At recruitment, participants complete a questionnaire
outlining demographic details & an assessment of motivational state using the Prochaska Transtheoretical
Model of Behaviour Change.

Baseline height, weight & waist circumference were measured for all participants.

All participants received 15 mins general lifestyle advice for weight loss & resource pamphlet listing freely available online resources for weight managements & accredited professional & weight loss programmes.

Weight loss methods chosen by the individual.
Participants asked to return every 4 weeks for 24 weeks to record weight on original calibrated scales.
Researcher provided information on sources of advice at weigh-ins but not intervening periods.
Participants randomized again at 16 week visit to receive either 2nd picture of choice of future self, based on new parameters or continue with original image.
A sample size of 150 was determined to have the power to detect a 1-kg
weight difference between groups (based mean weight difference seen at 8 weeks in the pilot study (Jiwa et al., 2015)

A total of 145 participants were recruited over an 8 month period.

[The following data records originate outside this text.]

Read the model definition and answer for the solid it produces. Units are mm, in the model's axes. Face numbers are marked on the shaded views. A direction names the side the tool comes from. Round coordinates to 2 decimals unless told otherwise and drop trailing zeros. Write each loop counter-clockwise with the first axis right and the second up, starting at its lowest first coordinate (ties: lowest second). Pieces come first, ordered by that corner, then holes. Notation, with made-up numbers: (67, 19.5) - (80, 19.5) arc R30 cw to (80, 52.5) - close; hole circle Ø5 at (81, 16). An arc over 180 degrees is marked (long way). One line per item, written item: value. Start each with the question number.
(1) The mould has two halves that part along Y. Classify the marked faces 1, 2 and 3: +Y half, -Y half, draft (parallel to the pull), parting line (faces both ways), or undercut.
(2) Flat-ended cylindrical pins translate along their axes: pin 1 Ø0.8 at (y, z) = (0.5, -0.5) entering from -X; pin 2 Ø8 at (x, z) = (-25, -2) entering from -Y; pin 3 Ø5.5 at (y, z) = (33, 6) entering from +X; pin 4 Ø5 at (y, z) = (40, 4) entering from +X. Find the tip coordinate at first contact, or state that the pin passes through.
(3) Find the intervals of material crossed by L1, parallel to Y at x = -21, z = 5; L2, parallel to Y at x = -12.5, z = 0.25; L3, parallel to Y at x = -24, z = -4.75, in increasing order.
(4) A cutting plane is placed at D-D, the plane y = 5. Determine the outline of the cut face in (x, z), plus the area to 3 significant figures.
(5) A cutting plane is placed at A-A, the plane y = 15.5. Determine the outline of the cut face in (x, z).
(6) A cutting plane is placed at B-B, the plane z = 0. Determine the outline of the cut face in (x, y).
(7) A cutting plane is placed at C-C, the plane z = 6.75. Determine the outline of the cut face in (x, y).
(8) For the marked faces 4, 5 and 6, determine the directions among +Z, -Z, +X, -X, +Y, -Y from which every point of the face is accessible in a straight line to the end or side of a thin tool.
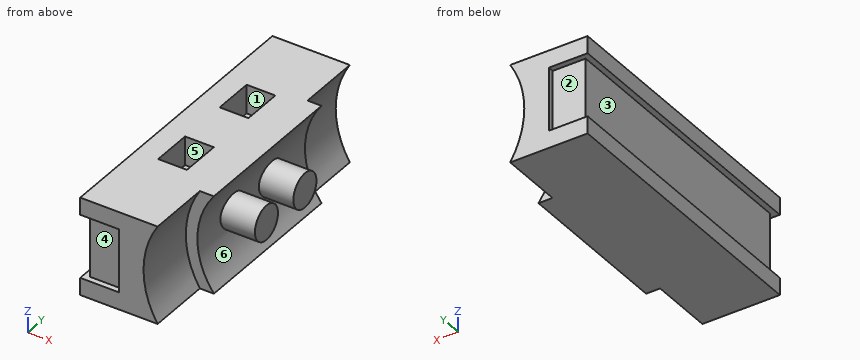
Autodesk Inventor part; units mm, degrees
ref_plane "Work Plane1" through (0, 11, 0) normal (0, -1, 0) x (1, 0, 0)
ref_plane "Work Plane2" through (-13.5554, 11, 8.5) normal (-1, 0, 0) x (0, 1, 0)
ref_plane "Work Plane3" through (0, 39, 0) normal (0, 1, 0) x (1, 0, 0)
sketch "Sketch1" plane through (0, 0, 0) normal (0, 1, 0) x (-1, 0, 0)
  circle A0 centre (0, 0) radius 14
  line L0 (14, 0) -> (27, 0)
  circle A1 centre (0, 0) radius 16
  line L1 (27, 0) -> (27, -8.5)
  line L2 (27, -8.5) -> (13.5552, -8.5)
  line L3 (13.5552, 8.5) -> (27, 8.5)
  line L4 (27, 8.5) -> (27, -8.5)
  line L5 (13.5552, 8.5) -> (11.1243, 8.5)
  line L6 (13.5552, -8.5) -> (11.1243, -8.5)
  line L7 (13.5552, 8.5) -> (13.5552, -8.5)
  dimension "d0" = 28
  dimension "d1" = 13
  dimension "d2" = 32
  dimension "d3" = 8.5
  dimension "d5" = 17
extrude "Extrusion1" add sketch "Sketch1" along normal blind 50 contours L5 L7 A0 | A0 L7 L6 | L7 A1 L0 A0 | L3 L4 L0 A1 | A0 L0 A1 L7 | A1 L0 L1 L2
ref_plane "Work Plane1" through (0, 11, 0) normal (0, -1, 0) x (1, 0, 0)
sketch "Sketch2" plane through (0, 11, 0) normal (0, -1, 0) x (1, 0, 0)
  circle A0 centre (0, 0) radius 16
  line L0 (-11.1243, -8.5) -> (-27, -8.5)
  circle A1 centre (0, 0) radius 14
  line L1 (-27, 8.5) -> (-11.1243, 8.5)
  line L2 (-13.5554, 8.5) -> (-11.1243, 8.5)
  line L3 (-13.5554, -8.5) -> (-11.1243, -8.5)
  dimension "d9" = 32
extrude "Extrusion2" cut sketch "Sketch2" against normal blind 28 contours L1 A1 L0 A0 picked at (-13.7856, -6.5585)
ref_plane "Work Plane2" through (-13.5554, 11, 8.5) normal (-1, 0, 0) x (0, 1, 0)
sketch "Sketch3" plane through (-13.5554, 11, 8.5) normal (-1, 0, 0) x (0, 1, 0)
  line L0 (28, 17) -> (28, 0) construction
  line L1 (28, 8.5) -> (0, 8.5) construction
  line L2 (0, 17) -> (0, 0) construction
  line L3 (28, 8.5) -> (19, 8.5)
  circle A0 centre (19, 8.5) radius 3
  line L4 (0, 8.5) -> (9, 8.5)
  circle A1 centre (9, 8.5) radius 3
  point P0 (-11, 8.5)
  dimension "d14" = 9
  dimension "d15" = 6
  dimension "d17" = 9
  dimension "d18" = 6
extrude "Extrusion3" add sketch "Sketch3" along normal up to surface
sketch "Sketch4" plane through (-13.5554, 30, 0) normal (1, 0, 0) x (0, 0, -1)
  circle A0 centre (0, 0) radius 3
  circle A1 centre (0, 0) radius 3
  point P0 (0, -30)
sketch "Sketch5" plane through (-13.5554, 20, 0) normal (1, 0, 0) x (0, 0, -1)
  circle A0 centre (0, 0) radius 3
  point P0 (0, -20)
extrude "Extrusion4" cut sketch "Sketch4" against normal blind 0.445
extrude "Extrusion5" cut sketch "Sketch5" against normal blind 0.445
sketch "Sketch6" plane through (-14.0004, 30, 0) normal (1, 0, 0) x (0, 0, -1)
  circle A0 centre (0, 0) radius 3
  point P0 (0, -30)
sketch "Sketch7" plane through (-14.0004, 20, 0) normal (1, 0, 0) x (0, 0, -1)
  circle A0 centre (0, 0) radius 3
  point P0 (0, -20)
extrude "Extrusion6" add sketch "Sketch6" along normal blind 6
extrude "Extrusion7" add sketch "Sketch7" along normal up to surface (6 mm away)
sketch "Sketch8" plane through (0, 11, 0) normal (0, 1, 0) x (1, 0, 0)
  circle A0 centre (0, 0) radius 14
  circle A1 centre (0, 0) radius 16
  line L0 (-13.5554, 8.5) -> (-11.1243, 8.5)
  line L1 (-13.5554, 8.5) -> (-11.1243, 8.5)
  arc A2 (-11.1243, 8.5) -> (-11.1243, -8.5) centre (0, 0) ccw
  line L2 (-13.5554, -8.5) -> (-11.1243, -8.5)
  dimension "d29" = 32
sketch "Sketch9" plane through (0, 11, 0) normal (0, 1, 0) x (1, 0, 0)
  circle A0 centre (0, 0) radius 16
  circle A1 centre (0, 0) radius 14
  dimension "d30" = 32
extrude "Extrusion8" add sketch "Sketch8" along normal up to surface (28 mm away) contours A0 L2 A1 L0 picked at (-13.7856, -6.5585)
extrude "Extrusion9" cut sketch "Sketch9" against normal up to surface (11 mm away)
ref_plane "Work Plane3" through (0, 39, 0) normal (0, 1, 0) x (1, 0, 0)
sketch "Sketch10" plane through (0, 39, 0) normal (0, 1, 0) x (1, 0, 0)
  circle A0 centre (0, 0) radius 16
  circle A1 centre (0, 0) radius 14
  dimension "d36" = 32
  dimension "d37" = 28
extrude "Extrusion10" cut sketch "Sketch10" along normal up to surface (11 mm away)
sketch "Sketch11" plane through (-27, 0, -8.5) normal (-1, 0, 0) x (0, 0, 1)
  line L0 (17, 0) -> (17, 50)
  line L1 (17, 50) -> (14, 50)
  line L2 (0, 50) -> (17, 50)
  line L3 (14, 50) -> (3, 50)
  line L4 (0, 0) -> (0, 50)
  line L5 (0, 0) -> (3, 0)
  line L6 (17, 0) -> (0, 0)
  line L7 (14, 50) -> (3, 50)
  line L8 (3, 50) -> (3, 0)
  line L9 (3, 0) -> (14, 0)
  line L10 (14, 0) -> (14, 50)
  point P0 (8.5, 0)
  dimension "d40" = 3
  dimension "d41" = 11
  dimension "d42" = 3
extrude "Extrusion11" cut sketch "Sketch11" against normal blind 1 contours L6 L8 L2 L10
sketch "Sketch12" plane through (0, 50, 0) normal (0, 1, 0) x (1, 0, 0)
  line L0 (-27, -5.5) -> (-27, -8.5)
  line L1 (-27, -5.5) -> (-20.278, -5.5)
  line L2 (-27, 5.5) -> (-26, 5.5)
  line L3 (-20.278, -5.5) -> (-27, -5.5)
  line L4 (-27, -5.5) -> (-27, 5.5)
  line L5 (-27, 5.5) -> (-20.278, 5.5)
  line L6 (-20.278, 5.5) -> (-20.278, -5.5)
  point P0 (0, 0)
  dimension "d45" = 6.722
sketch "Sketch13" plane through (0, 0, 0) normal (0, -1, 0) x (1, 0, 0)
  line L0 (-27, -5.5) -> (-26, -5.5)
  line L1 (-27, -5.5) -> (-20.278, -5.5)
  line L2 (-20.278, -5.5) -> (-27, -5.5)
  line L3 (-27, -5.5) -> (-27, 5.5)
  line L4 (-27, 5.5) -> (-20.278, 5.5)
  line L5 (-20.278, 5.5) -> (-20.278, -5.5)
  point P0 (0, 0)
  dimension "d46" = 6.722
extrude "Extrusion12" cut sketch "Sketch13" against normal blind 1
extrude "Extrusion13" cut sketch "Sketch12" against normal blind 1
sketch "Sketch14" plane through (-27, 0, 8.5) normal (0, 0, 1) x (1, 0, 0)
  line L0 (0, 50) -> (6.722, 50) construction
  line L1 (6.722, 50) -> (6.722, 41) construction
  line L2 (6.722, 41) -> (6.722, 34) construction
  line L3 (0, 34) -> (0, 31) construction
  line L4 (0, 31) -> (3.361, 31) construction
  line L5 (6.722, 34) -> (3.361, 34) construction
  line L6 (3.361, 34) -> (3.361, 31) construction
  line L7 (3.361, 31) -> (4.861, 31) construction
  line L8 (0, 0) -> (0, 50) construction
  line L9 (4.861, 31) -> (4.861, 38.2796) construction
  line L10 (4.861, 31) -> (7.861, 31) construction
  line L11 (13, 39) -> (13, 11) construction
  line L12 (6.361, 31) -> (6.361, 37.5) construction
  line L13 (4.861, 36.5) -> (7.861, 36.5) construction
  line L14 (7.861, 36.5) -> (7.861, 31.5) construction
  line L15 (7.861, 31.5) -> (4.861, 31.5) construction
  line L16 (4.861, 31.5) -> (4.861, 36.5) construction
  line L17 (4.861, 36.5) -> (7.861, 31.5) construction
  line L18 (7.861, 36.5) -> (4.861, 31.5) construction
  line L19 (6.361, 31.5) -> (6.361, 20.5) construction
  line L20 (6.361, 20.5) -> (6.361, 18) construction
  line L21 (4.861, 15.5) -> (7.861, 15.5) construction
  line L22 (7.861, 15.5) -> (7.861, 20.5) construction
  line L23 (7.861, 20.5) -> (4.861, 20.5) construction
  line L24 (4.861, 20.5) -> (4.861, 15.5) construction
  line L25 (4.861, 15.5) -> (7.861, 20.5) construction
  line L26 (7.861, 15.5) -> (4.861, 20.5) construction
  line L27 (8.861, 21.5) -> (8.861, 14.5)
  line L28 (8.861, 14.5) -> (3.861, 14.5)
  line L29 (3.861, 14.5) -> (3.861, 21.5)
  line L30 (3.861, 21.5) -> (8.861, 21.5)
  line L31 (8.861, 37.5) -> (3.861, 37.5)
  line L32 (3.861, 37.5) -> (3.861, 30.5)
  line L33 (3.861, 30.5) -> (8.861, 30.5)
  line L34 (8.861, 30.5) -> (8.861, 37.5)
  point P0 (27, 0)
  point P1 (6.361, 34)
  dimension "d51" = 9
  dimension "d52" = 7
  dimension "d53" = 3
  dimension "d54" = 1.5
  dimension "d55" = 3
  dimension "d56" = 3
  dimension "d57" = 5
  dimension "d58" = 11
  dimension "d59" = 2.5
  dimension "d60" = 1
  dimension "d61" = 1
extrude "Extrusion14" cut sketch "Sketch14" against normal blind 5
properties part number "Button"
Here are the results:
1. face 1: undercut
1. face 2: +Y half
1. face 3: draft
2. pin 1: x = -20.28
2. pin 2: y = 0
2. pin 3: x = -11.12
2. pin 4: x = -12.51
3. L1: 1 to 14.5, 21.5 to 30.5, 37.5 to 49
3. L2: 17.01 to 22.99, 27.01 to 32.99
3. L3: 1 to 49
4. outline: (-27, -8.5) - (-13.56, -8.5) arc R16 cw to (-13.56, 8.5) - (-27, 8.5) - (-27, 5.5) - (-26, 5.5) - (-26, -5.5) - (-27, -5.5) - close
4. area: 189 mm²
5. outline: (-27, -8.5) - (-11.12, -8.5) arc R14 cw to (-11.12, 8.5) - (-18.14, 8.5) - (-18.14, 3.5) - (-23.14, 3.5) - (-23.14, 8.5) - (-27, 8.5) - (-27, 5.5) - (-26, 5.5) - (-26, -5.5) - (-27, -5.5) - close
6. outline: (-26, 1) - (-20.28, 1) - (-20.28, 0) - (-16, 0) - (-16, 11) - (-14, 11) - (-14, 17) - (-8, 17) - (-8, 23) - (-14, 23) - (-14, 27) - (-8, 27) - (-8, 33) - (-14, 33) - (-14, 39) - (-16, 39) - (-16, 50) - (-20.28, 50) - (-20.28, 49) - (-26, 49) - close
7. outline: (-27, 0) - (-14.51, 0) - (-14.51, 11) - (-12.27, 11) - (-12.27, 39) - (-14.51, 39) - (-14.51, 50) - (-27, 50) - close; hole (-23.14, 14.5) - (-18.14, 14.5) - (-18.14, 21.5) - (-23.14, 21.5) - close; hole (-23.14, 30.5) - (-18.14, 30.5) - (-18.14, 37.5) - (-23.14, 37.5) - close
8. face 4: -X, -Y
8. face 5: +Z
8. face 6: +X

Male & female; aged 18 years +; BMI > 25; wanting to lose weight.

Study engagement assumed if participant returned for 1st weigh in 4 weeks after recruitment.

Study completers were those who returned to be weighed at week 20 or 24. For missing data, linear interpolation was undertaken & straight line applied between missing values.

No 4 week weigh in = non-starters.

Stopped returning for weigh in before week 20 = drop out, but included in intention to treat analysis.
Primary outcome:
Weight loss over 16 weeks - using participants
whose weights were measured at weeks 8 &16 (at least).

Secondary outcomes: Weight loss & change in waist circumference over 24 weeks - undertaken using only ‘completers’ who attended at weeks 8 &16.
A computerised application (app) prototype called ‘Future Me’ developed by the research team.
The app portrays the effect of lifestyle on future personal appearance using input calorie & exercise information to
predict future BMI.
At 24 weeks significant change in weight overall (p < 0.0001) & a difference in rate of change between groups (delayed-image group: −0.60%, early-image group: −0.42%, p = 0.01).

Men lost weight at a greater rate than women.

Participants in delayed image group lost more weight than immediate image group.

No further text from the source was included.